** Recorded information follows **

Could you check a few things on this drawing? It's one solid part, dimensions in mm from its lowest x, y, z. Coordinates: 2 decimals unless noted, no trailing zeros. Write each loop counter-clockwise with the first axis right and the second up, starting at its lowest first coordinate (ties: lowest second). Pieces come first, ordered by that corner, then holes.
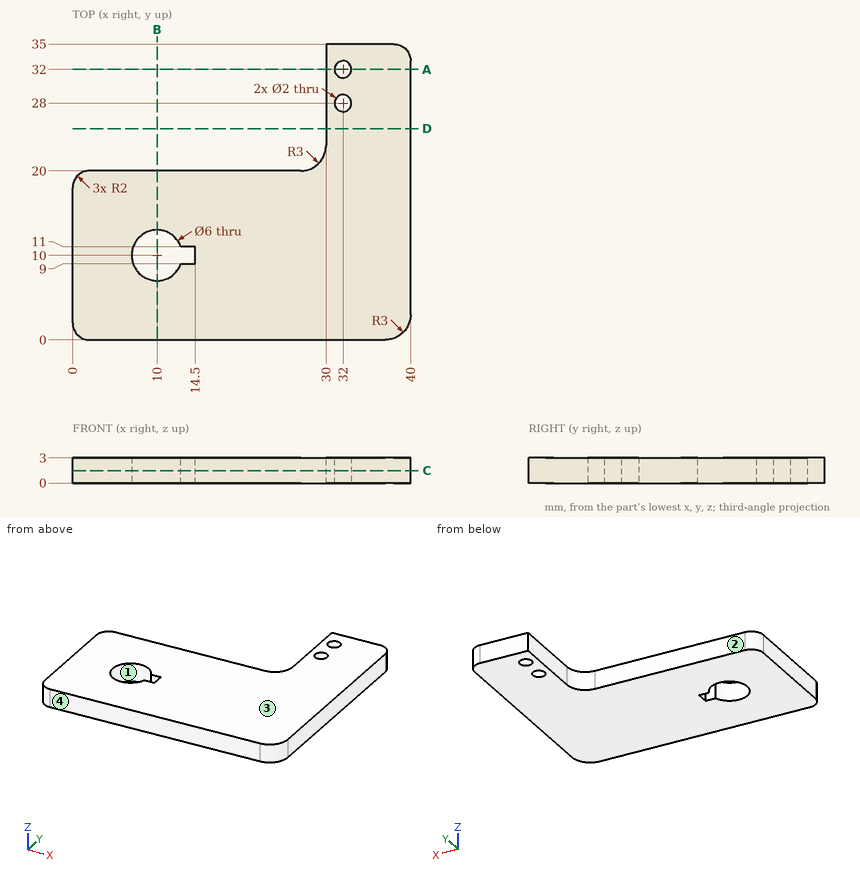
1) Imagine slicing it at D-D on y = 25. Please give me the cut outline in (x, z).
Values follow:
outline: (30, 0) - (40, 0) - (40, 3) - (30, 3) - close
2) We'd pull the mould along Y, two halves only. Please class the marked faces 1, 2, 3 and 4: pulls with the +Y half, pulls with the -Y half, needs draft (parallel to the pull), parting line crosses it, or undercut.
Values follow:
face 1: undercut
face 2: pulls with the +Y half
face 3: needs draft
face 4: pulls with the -Y half
3) Will these pins go through, and if not, where does the flat tip stop? pin 1 (1.8 mm diameter, centred on x = 32, y = 32, fed in from +Z); pin 2 (1.3 mm diameter, centred on x = 14, z = 1.5, fed in from +Y).
Values follow:
pin 1: passes through
pin 2: stops at y = 20
4) I need wall thicknesses on probe 1 along Y at (x, z) = (32, 2.1); probe 2 along X at (y, z) = (10, 1.6); probe 3 along Y at (x, z) = (10, 1.1). Which ranges of each line are inside material? Lowest first, please.
Values follow:
probe 1: y = 0 to 27, 29 to 31, 33 to 35
probe 2: x = 0 to 7, 14.5 to 40
probe 3: y = 0 to 7, 13 to 20
5) Imagine slicing it at A-A on y = 32. Please give me the cut outline in (x, z).
Values follow:
outline: (30, 0) - (31, 0) - (31, 3) - (30, 3) - close; (33, 0) - (40, 0) - (40, 3) - (33, 3) - close
6) Imagine slicing it at C-C on z = 1.5. Please give me the cut outline in (x, y).
Values follow:
outline: (0, 2) arc R2 ccw to (2, 0) - (37, 0) arc R3 ccw to (40, 3) - (40, 33) arc R2 ccw to (38, 35) - (30, 35) - (30, 23) arc R3 cw to (27, 20) - (2, 20) arc R2 ccw to (0, 18) - close; hole (12.83, 9) - (14.5, 9) - (14.5, 11) - (12.83, 11) arc R3 ccw (long way) to start; hole circle Ø2 at (32, 28); hole circle Ø2 at (32, 32)
7) Imagine slicing it at B-B on x = 10. Please give me the cut outline in (y, z), then the cut area to 3 significant figures.
Values follow:
outline: (0, 0) - (7, 0) - (7, 3) - (0, 3) - close; (13, 0) - (20, 0) - (20, 3) - (13, 3) - close
area: 42.0 mm2

** End of Recorded information **

What to produce: Exact duplicates of all the entries are required, and no image may appear in them.

Your response:
Could you check a few things on this drawing? It's one solid part, dimensions in mm from its lowest x, y, z. Coordinates: 2 decimals unless noted, no trailing zeros. Write each loop counter-clockwise with the first axis right and the second up, starting at its lowest first coordinate (ties: lowest second). Pieces come first, ordered by that corner, then holes.
1) Imagine slicing it at D-D on y = 25. Please give me the cut outline in (x, z).
Values follow:
outline: (30, 0) - (40, 0) - (40, 3) - (30, 3) - close
2) We'd pull the mould along Y, two halves only. Please class the marked faces 1, 2, 3 and 4: pulls with the +Y half, pulls with the -Y half, needs draft (parallel to the pull), parting line crosses it, or undercut.
Values follow:
face 1: undercut
face 2: pulls with the +Y half
face 3: needs draft
face 4: pulls with the -Y half
3) Will these pins go through, and if not, where does the flat tip stop? pin 1 (1.8 mm diameter, centred on x = 32, y = 32, fed in from +Z); pin 2 (1.3 mm diameter, centred on x = 14, z = 1.5, fed in from +Y).
Values follow:
pin 1: passes through
pin 2: stops at y = 20
4) I need wall thicknesses on probe 1 along Y at (x, z) = (32, 2.1); probe 2 along X at (y, z) = (10, 1.6); probe 3 along Y at (x, z) = (10, 1.1). Which ranges of each line are inside material? Lowest first, please.
Values follow:
probe 1: y = 0 to 27, 29 to 31, 33 to 35
probe 2: x = 0 to 7, 14.5 to 40
probe 3: y = 0 to 7, 13 to 20
5) Imagine slicing it at A-A on y = 32. Please give me the cut outline in (x, z).
Values follow:
outline: (30, 0) - (31, 0) - (31, 3) - (30, 3) - close; (33, 0) - (40, 0) - (40, 3) - (33, 3) - close
6) Imagine slicing it at C-C on z = 1.5. Please give me the cut outline in (x, y).
Values follow:
outline: (0, 2) arc R2 ccw to (2, 0) - (37, 0) arc R3 ccw to (40, 3) - (40, 33) arc R2 ccw to (38, 35) - (30, 35) - (30, 23) arc R3 cw to (27, 20) - (2, 20) arc R2 ccw to (0, 18) - close; hole (12.83, 9) - (14.5, 9) - (14.5, 11) - (12.83, 11) arc R3 ccw (long way) to start; hole circle Ø2 at (32, 28); hole circle Ø2 at (32, 32)
7) Imagine slicing it at B-B on x = 10. Please give me the cut outline in (y, z), then the cut area to 3 significant figures.
Values follow:
outline: (0, 0) - (7, 0) - (7, 3) - (0, 3) - close; (13, 0) - (20, 0) - (20, 3) - (13, 3) - close
area: 42.0 mm2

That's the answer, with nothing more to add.